Gabriele “Bebe” Moratti went to town for fall — to Paris that is. Describing Redemption’s endeavor for the season as a “Love Letter to Paris,” he sent out an offering that was heavy on the glitz, moving away from the more grungy feel of the past couple of seasons.
A panoply of ostentatious fabrics, from giant houndstooth designs in all-over sequins to lurex jacquard motifs, paraded down the runway on bustier dresses and tuxedos to a soundtrack of French classics from artists like Charles Aznavour and Edith Piaf.
Flowing silk and georgette and crepe halter-neck dresses in black, red or regal purple were regularly punctuated at the waist with diamanté cummerbunds or paired with felt fedoras and ankle boots.
In a less dressed up register, there were wide-hipped leather pants and some fun dungarees, their workwear shape providing a quirky contrast when worked in shimmering black velvet or as a black leather playsuit.

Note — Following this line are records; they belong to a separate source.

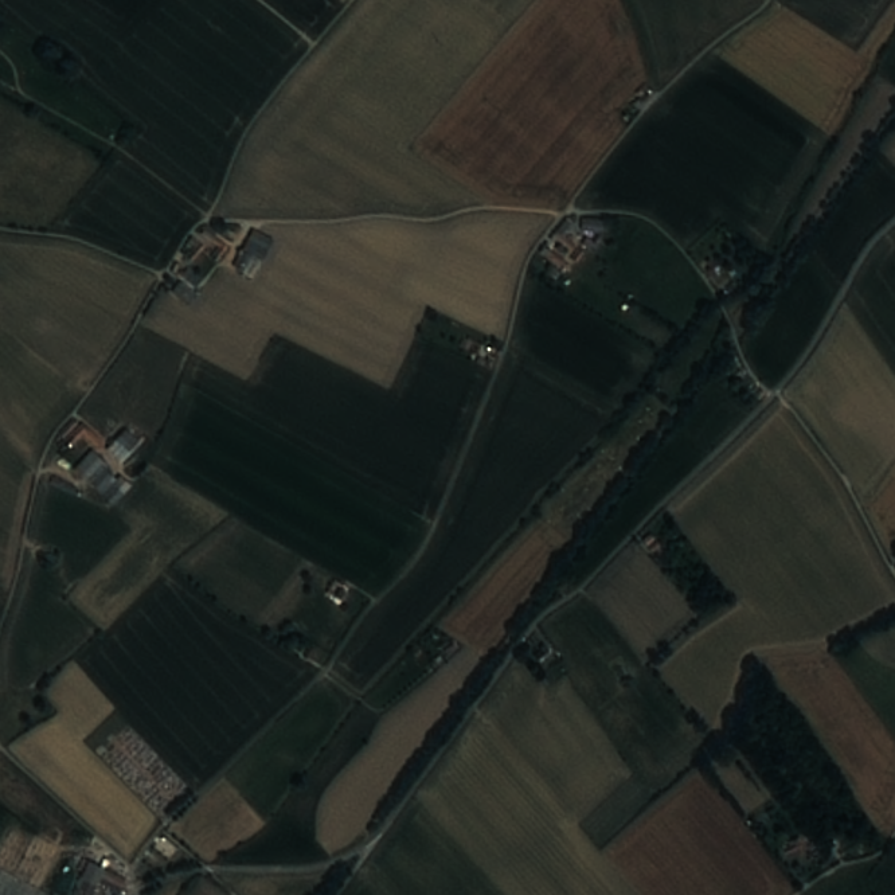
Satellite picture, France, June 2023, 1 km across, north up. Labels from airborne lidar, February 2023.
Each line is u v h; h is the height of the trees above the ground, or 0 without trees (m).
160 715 0
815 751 22
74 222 0
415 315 0
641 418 0
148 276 0
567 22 0
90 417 0
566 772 0
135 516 0
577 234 0
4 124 0
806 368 0
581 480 0
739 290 11
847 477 0
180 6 0
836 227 0
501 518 0
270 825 0
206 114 0
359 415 0
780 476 0
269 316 0
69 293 0
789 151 0
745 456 0
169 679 0
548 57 0
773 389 0
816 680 0
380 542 0
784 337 0
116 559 0
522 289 0
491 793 0
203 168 0
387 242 0
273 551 0
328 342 0
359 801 0
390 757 0
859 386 0
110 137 0
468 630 0
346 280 0
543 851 0
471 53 0
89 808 0
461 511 0
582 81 0
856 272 0
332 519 0
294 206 0
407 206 0
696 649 0
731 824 0
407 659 0
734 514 0
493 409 0
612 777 0
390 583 0
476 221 0
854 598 0
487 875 0
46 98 0
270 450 0
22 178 0
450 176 0
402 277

This was all topped off by a multiplicity of fake-fur coats in an array of hues from deep purple to yellow and even in a giant houndstooth pattern.

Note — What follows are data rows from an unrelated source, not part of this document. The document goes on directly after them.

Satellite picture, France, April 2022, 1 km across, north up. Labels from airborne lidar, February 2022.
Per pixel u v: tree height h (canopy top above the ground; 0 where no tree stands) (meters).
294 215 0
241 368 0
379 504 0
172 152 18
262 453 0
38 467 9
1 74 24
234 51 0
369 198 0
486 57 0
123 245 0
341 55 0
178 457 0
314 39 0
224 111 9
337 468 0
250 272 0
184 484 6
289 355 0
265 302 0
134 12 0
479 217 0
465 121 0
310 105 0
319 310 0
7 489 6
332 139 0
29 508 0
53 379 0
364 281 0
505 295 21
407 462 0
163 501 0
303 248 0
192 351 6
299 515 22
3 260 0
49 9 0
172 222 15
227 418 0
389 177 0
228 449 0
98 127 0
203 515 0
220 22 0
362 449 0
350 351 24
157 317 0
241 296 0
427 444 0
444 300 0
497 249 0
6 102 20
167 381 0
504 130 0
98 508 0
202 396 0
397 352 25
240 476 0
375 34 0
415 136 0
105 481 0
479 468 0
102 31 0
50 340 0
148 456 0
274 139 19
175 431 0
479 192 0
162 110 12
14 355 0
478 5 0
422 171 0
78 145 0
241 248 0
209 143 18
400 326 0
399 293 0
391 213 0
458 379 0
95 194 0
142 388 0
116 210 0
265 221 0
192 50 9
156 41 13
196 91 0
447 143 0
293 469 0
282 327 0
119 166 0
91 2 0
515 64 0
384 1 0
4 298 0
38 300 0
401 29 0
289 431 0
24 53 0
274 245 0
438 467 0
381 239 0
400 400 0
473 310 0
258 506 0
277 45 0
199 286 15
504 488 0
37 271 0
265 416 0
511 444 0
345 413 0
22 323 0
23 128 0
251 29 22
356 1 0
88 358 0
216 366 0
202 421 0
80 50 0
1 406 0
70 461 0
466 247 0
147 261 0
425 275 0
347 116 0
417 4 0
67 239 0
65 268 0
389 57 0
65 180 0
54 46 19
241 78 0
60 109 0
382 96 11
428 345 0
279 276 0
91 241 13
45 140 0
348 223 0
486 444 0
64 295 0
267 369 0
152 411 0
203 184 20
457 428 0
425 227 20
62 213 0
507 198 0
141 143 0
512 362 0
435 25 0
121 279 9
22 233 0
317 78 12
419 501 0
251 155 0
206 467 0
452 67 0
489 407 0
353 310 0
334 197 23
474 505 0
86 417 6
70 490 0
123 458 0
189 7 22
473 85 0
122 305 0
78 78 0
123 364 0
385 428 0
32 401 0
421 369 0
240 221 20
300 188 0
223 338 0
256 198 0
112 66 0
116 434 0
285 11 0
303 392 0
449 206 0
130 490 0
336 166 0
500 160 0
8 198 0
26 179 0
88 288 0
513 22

Moratti said the fall collection was put together in just four weeks since pre-fall was presented in January, and that he is planning to focus on doing just four collections a year— two ready-to-wear, two couture — and skip the more commercial pre-collections from now on.
“I believe that creativity should have space, that quality needs time to develop. I think that’s more beneficial for the brand,” he explained. He may have a point. Redemption’s development into the glammed-up street look of recent seasons made sense and fit with the vibe of the moment, while this season’s more literal lineup felt like something of a step backward.